Hubo silencio, por supuesto. Nadie abrió la puerta, nadie hizo nada. Me dio cosa moverme, pero me levanté y volví a abrir la puerta. El pasillo estaba vacío. La cerré otra vez y me senté en la cama, de nuevo. Golpearon apenas apoyé el culo en el colchón.

—¿Quién es? —repetí, con voz más autoritaria—. ¿Qué querés?

La única respuesta fue otro golpecito.

—Podés pasar —dije, esperando no arrepentirme. Tragué saliva y tomé aire antes de que el silencio diera lugar a una figura que atravesó la puerta. Era una niña, una preadolescente bastante alta que me miró con sus ojos oscuros carentes de brillo. Ella no parecía estar viva, como Daniel esa vez en 2017. Su cuerpo no tenía gracia ni solidez. Era como el hombre del risco, como un muñeco flotante y tétrico. Me encogí, aterrada—. ¿Quién sos? ¿Qué querés?

—Sos la que habla con los muertos —murmuró la chica, sin dejarme claro si me estaba mirando o no—. La que no entiende alemán.

Me quedé muda. No pude contestar ni siquiera eso. El fantasma de la chica estuvo allí, como si flotara, en medio de mi habitación durante todo el rato que estuve callada y asustada.

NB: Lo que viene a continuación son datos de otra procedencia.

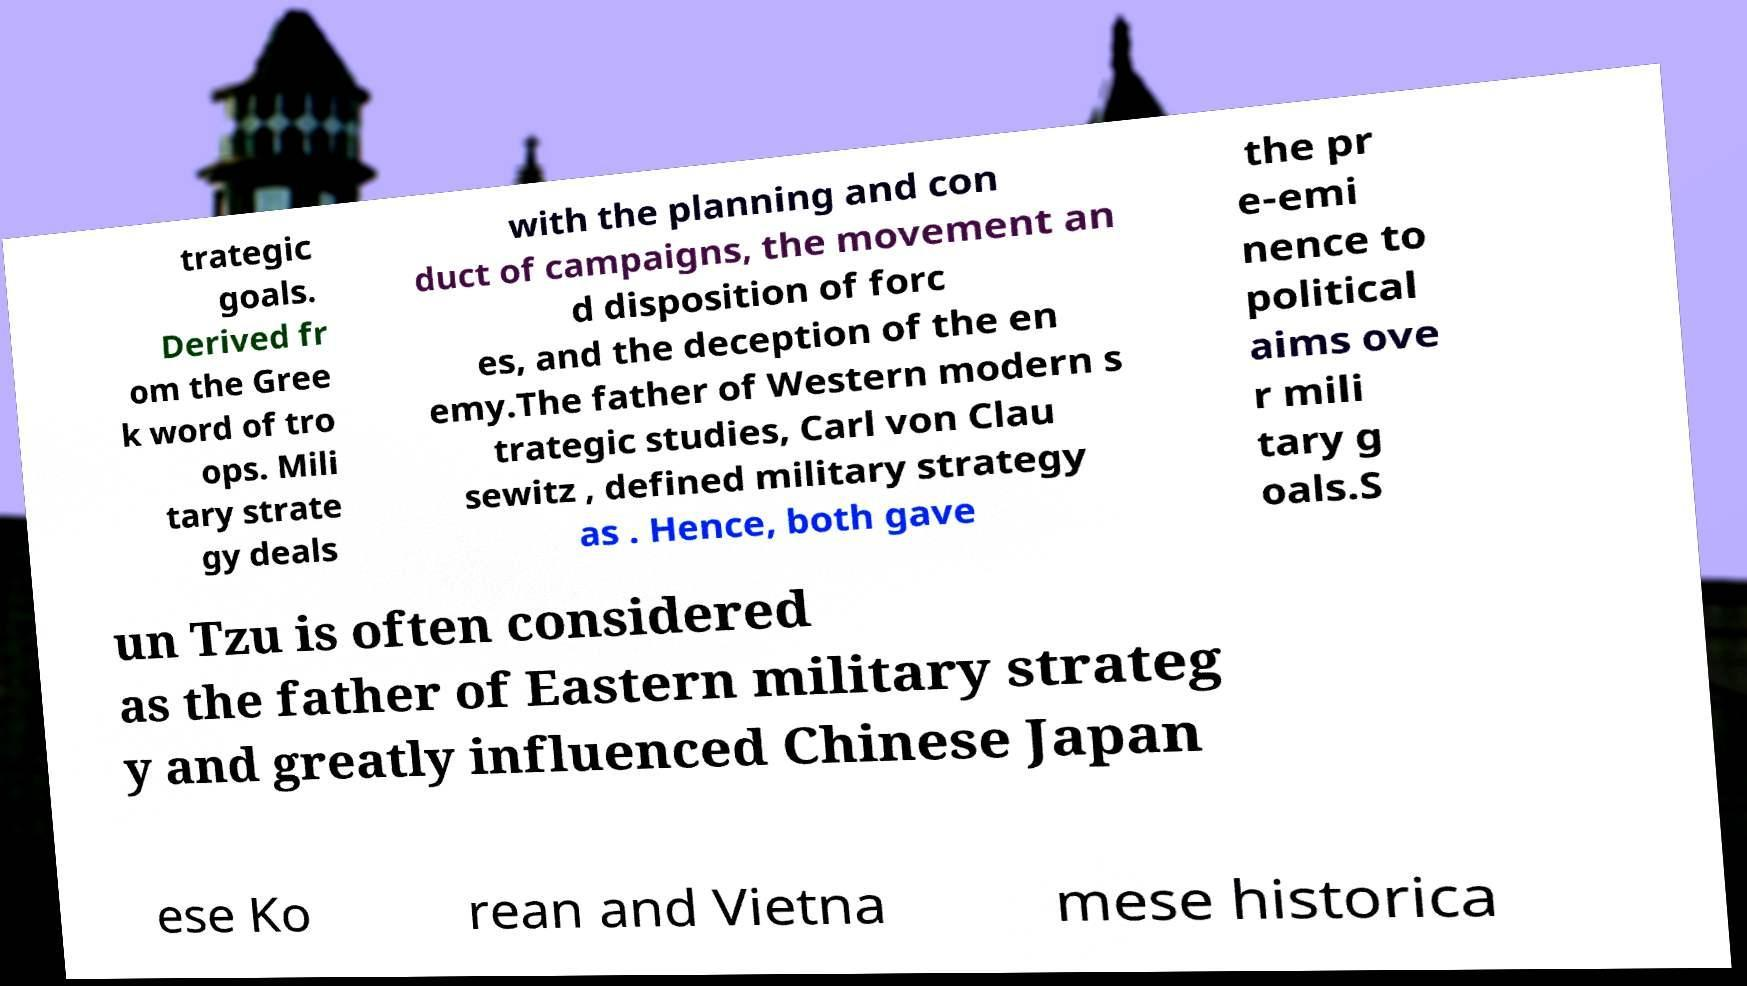What messages or text are displayed in this image? I need them in a readable, typed format. trategic goals. Derived fr om the Gree k word of tro ops. Mili tary strate gy deals with the planning and con duct of campaigns, the movement an d disposition of forc es, and the deception of the en emy.The father of Western modern s trategic studies, Carl von Clau sewitz , defined military strategy as . Hence, both gave the pr e-emi nence to political aims ove r mili tary g oals.S un Tzu is often considered as the father of Eastern military strateg y and greatly influenced Chinese Japan ese Ko rean and Vietna mese historica

Al final, alcancé mi voz en medio de mi garganta y logré decir algo.

—No, no entiendo alemán.

—No sos Daria —dijo.

—No, me llamo Brisa. ¿Cómo lo sabés?

El fantasma parpadeó.

—Se lo dijiste a Enrique, le dijiste que no eras Daria.

El corazón estuvo a punto de salirme de mi pecho. Ella tenía razón, se lo había dicho al fantasma del precipicio.

—Le dije que no hablaba alemán —repetí, impresionada. Las cosas se estaban poniendo demasiado interesantes para mi gusto.